Exercise requirements >>
Write out the listing below word for word.

Content starts

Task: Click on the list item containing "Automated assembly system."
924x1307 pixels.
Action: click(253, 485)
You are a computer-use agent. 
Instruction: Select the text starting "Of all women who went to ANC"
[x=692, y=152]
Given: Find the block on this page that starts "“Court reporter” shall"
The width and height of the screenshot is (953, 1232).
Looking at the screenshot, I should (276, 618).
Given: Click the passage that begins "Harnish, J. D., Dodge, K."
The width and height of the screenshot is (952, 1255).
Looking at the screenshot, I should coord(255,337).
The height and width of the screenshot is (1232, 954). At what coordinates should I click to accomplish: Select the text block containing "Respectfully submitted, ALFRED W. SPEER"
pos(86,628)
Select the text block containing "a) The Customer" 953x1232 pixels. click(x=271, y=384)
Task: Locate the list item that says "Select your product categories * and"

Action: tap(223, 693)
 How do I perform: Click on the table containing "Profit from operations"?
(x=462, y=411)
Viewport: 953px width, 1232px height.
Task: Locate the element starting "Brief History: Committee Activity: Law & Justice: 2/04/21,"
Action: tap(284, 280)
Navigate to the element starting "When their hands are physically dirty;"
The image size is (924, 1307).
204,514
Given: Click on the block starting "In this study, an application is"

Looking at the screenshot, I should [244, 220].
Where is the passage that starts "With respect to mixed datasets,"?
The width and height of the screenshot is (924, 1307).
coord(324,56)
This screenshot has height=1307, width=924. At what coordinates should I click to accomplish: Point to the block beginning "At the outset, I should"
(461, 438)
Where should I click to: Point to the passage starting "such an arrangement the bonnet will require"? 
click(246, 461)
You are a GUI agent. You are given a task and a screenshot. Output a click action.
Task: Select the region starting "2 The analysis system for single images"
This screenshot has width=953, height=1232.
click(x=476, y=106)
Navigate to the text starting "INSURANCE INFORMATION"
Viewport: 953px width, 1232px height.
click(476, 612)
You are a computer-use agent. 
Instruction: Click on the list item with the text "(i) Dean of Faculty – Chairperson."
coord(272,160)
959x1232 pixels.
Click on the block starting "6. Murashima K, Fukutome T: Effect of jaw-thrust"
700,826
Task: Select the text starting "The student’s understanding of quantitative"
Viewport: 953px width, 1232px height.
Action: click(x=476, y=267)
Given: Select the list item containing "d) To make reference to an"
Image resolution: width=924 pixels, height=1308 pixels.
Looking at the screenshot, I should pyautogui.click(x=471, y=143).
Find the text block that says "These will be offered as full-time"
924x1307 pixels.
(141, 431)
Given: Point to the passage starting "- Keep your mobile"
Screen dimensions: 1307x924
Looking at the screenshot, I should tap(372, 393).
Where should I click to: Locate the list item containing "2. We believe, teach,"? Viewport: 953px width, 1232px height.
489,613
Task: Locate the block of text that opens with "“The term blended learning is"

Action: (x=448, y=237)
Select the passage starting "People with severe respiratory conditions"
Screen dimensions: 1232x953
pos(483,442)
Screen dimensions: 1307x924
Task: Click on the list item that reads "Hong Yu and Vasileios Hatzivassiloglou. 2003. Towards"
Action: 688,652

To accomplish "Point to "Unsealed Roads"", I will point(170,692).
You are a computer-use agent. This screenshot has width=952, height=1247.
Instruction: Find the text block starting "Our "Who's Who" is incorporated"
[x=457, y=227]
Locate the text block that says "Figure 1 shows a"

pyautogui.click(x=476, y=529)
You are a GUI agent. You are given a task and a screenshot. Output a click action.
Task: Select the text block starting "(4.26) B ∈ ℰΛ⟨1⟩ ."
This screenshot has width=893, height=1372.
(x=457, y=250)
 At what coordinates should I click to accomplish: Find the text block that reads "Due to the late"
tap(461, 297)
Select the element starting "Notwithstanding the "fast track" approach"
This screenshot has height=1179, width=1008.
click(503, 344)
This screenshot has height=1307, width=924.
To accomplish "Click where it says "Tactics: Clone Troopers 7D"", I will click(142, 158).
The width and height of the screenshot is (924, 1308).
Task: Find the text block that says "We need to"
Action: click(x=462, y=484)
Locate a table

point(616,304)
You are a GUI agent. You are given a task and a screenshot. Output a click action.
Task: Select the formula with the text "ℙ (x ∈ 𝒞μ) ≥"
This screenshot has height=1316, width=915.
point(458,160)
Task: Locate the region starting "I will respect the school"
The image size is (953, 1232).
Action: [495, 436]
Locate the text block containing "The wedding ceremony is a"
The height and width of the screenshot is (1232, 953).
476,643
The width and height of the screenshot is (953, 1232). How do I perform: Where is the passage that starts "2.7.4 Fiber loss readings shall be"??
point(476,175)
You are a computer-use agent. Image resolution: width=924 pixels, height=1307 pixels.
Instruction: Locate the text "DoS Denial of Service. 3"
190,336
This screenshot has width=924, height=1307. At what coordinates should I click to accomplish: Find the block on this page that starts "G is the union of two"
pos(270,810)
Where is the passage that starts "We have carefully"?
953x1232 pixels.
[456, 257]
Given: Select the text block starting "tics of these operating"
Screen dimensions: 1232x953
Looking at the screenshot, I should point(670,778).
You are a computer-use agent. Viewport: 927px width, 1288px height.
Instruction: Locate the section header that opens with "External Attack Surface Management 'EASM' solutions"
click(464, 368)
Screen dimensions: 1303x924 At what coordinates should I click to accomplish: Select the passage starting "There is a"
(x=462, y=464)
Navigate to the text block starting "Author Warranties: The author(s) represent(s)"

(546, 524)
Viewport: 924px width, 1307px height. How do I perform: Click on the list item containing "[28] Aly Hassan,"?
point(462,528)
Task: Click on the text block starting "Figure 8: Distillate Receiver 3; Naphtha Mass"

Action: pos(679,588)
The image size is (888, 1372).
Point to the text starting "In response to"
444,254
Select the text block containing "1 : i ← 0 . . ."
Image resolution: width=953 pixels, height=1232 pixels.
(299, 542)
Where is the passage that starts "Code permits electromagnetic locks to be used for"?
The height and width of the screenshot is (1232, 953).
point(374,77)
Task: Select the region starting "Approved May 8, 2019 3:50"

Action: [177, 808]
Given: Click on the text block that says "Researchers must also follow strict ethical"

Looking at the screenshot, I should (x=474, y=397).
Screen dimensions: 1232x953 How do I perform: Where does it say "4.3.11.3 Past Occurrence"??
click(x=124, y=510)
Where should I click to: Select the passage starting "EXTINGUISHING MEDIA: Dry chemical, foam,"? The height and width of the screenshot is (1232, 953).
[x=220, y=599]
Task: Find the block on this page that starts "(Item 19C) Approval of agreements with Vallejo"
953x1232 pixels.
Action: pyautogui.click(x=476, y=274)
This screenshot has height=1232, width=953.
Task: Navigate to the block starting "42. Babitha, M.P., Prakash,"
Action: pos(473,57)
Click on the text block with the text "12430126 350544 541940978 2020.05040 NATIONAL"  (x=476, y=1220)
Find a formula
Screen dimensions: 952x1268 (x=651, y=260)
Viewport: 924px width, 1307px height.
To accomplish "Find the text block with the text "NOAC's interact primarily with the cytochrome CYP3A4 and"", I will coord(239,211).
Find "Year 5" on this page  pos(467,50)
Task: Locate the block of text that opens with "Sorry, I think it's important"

Content ends

Solution for this problem >>
Task: Click on the list item containing "Automated assembly system."
924x1307 pixels.
Action: click(253, 485)
You are a computer-use agent. 
Instruction: Select the text starting "Of all women who went to ANC"
[x=692, y=152]
Given: Find the block on this page that starts "“Court reporter” shall"
The width and height of the screenshot is (953, 1232).
Looking at the screenshot, I should (276, 618).
Given: Click the passage that begins "Harnish, J. D., Dodge, K."
The width and height of the screenshot is (952, 1255).
Looking at the screenshot, I should coord(255,337).
The height and width of the screenshot is (1232, 954). At what coordinates should I click to accomplish: Select the text block containing "Respectfully submitted, ALFRED W. SPEER"
pos(86,628)
Select the text block containing "a) The Customer" 953x1232 pixels. click(x=271, y=384)
Task: Locate the list item that says "Select your product categories * and"

Action: tap(223, 693)
 How do I perform: Click on the table containing "Profit from operations"?
(x=462, y=411)
Viewport: 953px width, 1232px height.
Task: Locate the element starting "Brief History: Committee Activity: Law & Justice: 2/04/21,"
Action: tap(284, 280)
Navigate to the element starting "When their hands are physically dirty;"
The image size is (924, 1307).
204,514
Given: Click on the block starting "In this study, an application is"

Looking at the screenshot, I should [244, 220].
Where is the passage that starts "With respect to mixed datasets,"?
The width and height of the screenshot is (924, 1307).
coord(324,56)
This screenshot has height=1307, width=924. At what coordinates should I click to accomplish: Point to the block beginning "At the outset, I should"
(461, 438)
Where should I click to: Point to the passage starting "such an arrangement the bonnet will require"? 
click(246, 461)
You are a GUI agent. You are given a task and a screenshot. Output a click action.
Task: Select the region starting "2 The analysis system for single images"
This screenshot has width=953, height=1232.
click(x=476, y=106)
Navigate to the text starting "INSURANCE INFORMATION"
Viewport: 953px width, 1232px height.
click(476, 612)
You are a computer-use agent. 
Instruction: Click on the list item with the text "(i) Dean of Faculty – Chairperson."
coord(272,160)
959x1232 pixels.
Click on the block starting "6. Murashima K, Fukutome T: Effect of jaw-thrust"
700,826
Task: Select the text starting "The student’s understanding of quantitative"
Viewport: 953px width, 1232px height.
Action: click(x=476, y=267)
Given: Select the list item containing "d) To make reference to an"
Image resolution: width=924 pixels, height=1308 pixels.
Looking at the screenshot, I should pyautogui.click(x=471, y=143).
Find the text block that says "These will be offered as full-time"
924x1307 pixels.
(141, 431)
Given: Point to the passage starting "- Keep your mobile"
Screen dimensions: 1307x924
Looking at the screenshot, I should tap(372, 393).
Where should I click to: Locate the list item containing "2. We believe, teach,"? Viewport: 953px width, 1232px height.
489,613
Task: Locate the block of text that opens with "“The term blended learning is"

Action: (x=448, y=237)
Select the passage starting "People with severe respiratory conditions"
Screen dimensions: 1232x953
pos(483,442)
Screen dimensions: 1307x924
Task: Click on the list item that reads "Hong Yu and Vasileios Hatzivassiloglou. 2003. Towards"
Action: 688,652

To accomplish "Point to "Unsealed Roads"", I will point(170,692).
You are a computer-use agent. This screenshot has width=952, height=1247.
Instruction: Find the text block starting "Our "Who's Who" is incorporated"
[x=457, y=227]
Locate the text block that says "Figure 1 shows a"

pyautogui.click(x=476, y=529)
You are a GUI agent. You are given a task and a screenshot. Output a click action.
Task: Select the text block starting "(4.26) B ∈ ℰΛ⟨1⟩ ."
This screenshot has width=893, height=1372.
(x=457, y=250)
 At what coordinates should I click to accomplish: Find the text block that reads "Due to the late"
tap(461, 297)
Select the element starting "Notwithstanding the "fast track" approach"
This screenshot has height=1179, width=1008.
click(503, 344)
This screenshot has height=1307, width=924.
To accomplish "Click where it says "Tactics: Clone Troopers 7D"", I will click(142, 158).
The width and height of the screenshot is (924, 1308).
Task: Find the text block that says "We need to"
Action: click(x=462, y=484)
Locate a table

point(616,304)
You are a GUI agent. You are given a task and a screenshot. Output a click action.
Task: Select the formula with the text "ℙ (x ∈ 𝒞μ) ≥"
This screenshot has height=1316, width=915.
point(458,160)
Task: Locate the region starting "I will respect the school"
The image size is (953, 1232).
Action: [495, 436]
Locate the text block containing "The wedding ceremony is a"
The height and width of the screenshot is (1232, 953).
476,643
The width and height of the screenshot is (953, 1232). How do I perform: Where is the passage that starts "2.7.4 Fiber loss readings shall be"??
point(476,175)
You are a computer-use agent. Image resolution: width=924 pixels, height=1307 pixels.
Instruction: Locate the text "DoS Denial of Service. 3"
190,336
This screenshot has width=924, height=1307. At what coordinates should I click to accomplish: Find the block on this page that starts "G is the union of two"
pos(270,810)
Where is the passage that starts "We have carefully"?
953x1232 pixels.
[456, 257]
Given: Select the text block starting "tics of these operating"
Screen dimensions: 1232x953
Looking at the screenshot, I should point(670,778).
You are a computer-use agent. Viewport: 927px width, 1288px height.
Instruction: Locate the section header that opens with "External Attack Surface Management 'EASM' solutions"
click(464, 368)
Screen dimensions: 1303x924 At what coordinates should I click to accomplish: Select the passage starting "There is a"
(x=462, y=464)
Navigate to the text block starting "Author Warranties: The author(s) represent(s)"

(546, 524)
Viewport: 924px width, 1307px height. How do I perform: Click on the list item containing "[28] Aly Hassan,"?
point(462,528)
Task: Click on the text block starting "Figure 8: Distillate Receiver 3; Naphtha Mass"

Action: pos(679,588)
The image size is (888, 1372).
Point to the text starting "In response to"
444,254
Select the text block containing "1 : i ← 0 . . ."
Image resolution: width=953 pixels, height=1232 pixels.
(299, 542)
Where is the passage that starts "Code permits electromagnetic locks to be used for"?
The height and width of the screenshot is (1232, 953).
point(374,77)
Task: Select the region starting "Approved May 8, 2019 3:50"

Action: [177, 808]
Given: Click on the text block that says "Researchers must also follow strict ethical"

Looking at the screenshot, I should (x=474, y=397).
Screen dimensions: 1232x953 How do I perform: Where does it say "4.3.11.3 Past Occurrence"??
click(x=124, y=510)
Where should I click to: Select the passage starting "EXTINGUISHING MEDIA: Dry chemical, foam,"? The height and width of the screenshot is (1232, 953).
[x=220, y=599]
Task: Find the block on this page that starts "(Item 19C) Approval of agreements with Vallejo"
953x1232 pixels.
Action: pyautogui.click(x=476, y=274)
This screenshot has height=1232, width=953.
Task: Navigate to the block starting "42. Babitha, M.P., Prakash,"
Action: pos(473,57)
Click on the text block with the text "12430126 350544 541940978 2020.05040 NATIONAL"  (x=476, y=1220)
Find a formula
Screen dimensions: 952x1268 (x=651, y=260)
Viewport: 924px width, 1307px height.
To accomplish "Find the text block with the text "NOAC's interact primarily with the cytochrome CYP3A4 and"", I will coord(239,211).
Find "Year 5" on this page  pos(467,50)
Task: Locate the block of text that opens with "Sorry, I think it's important"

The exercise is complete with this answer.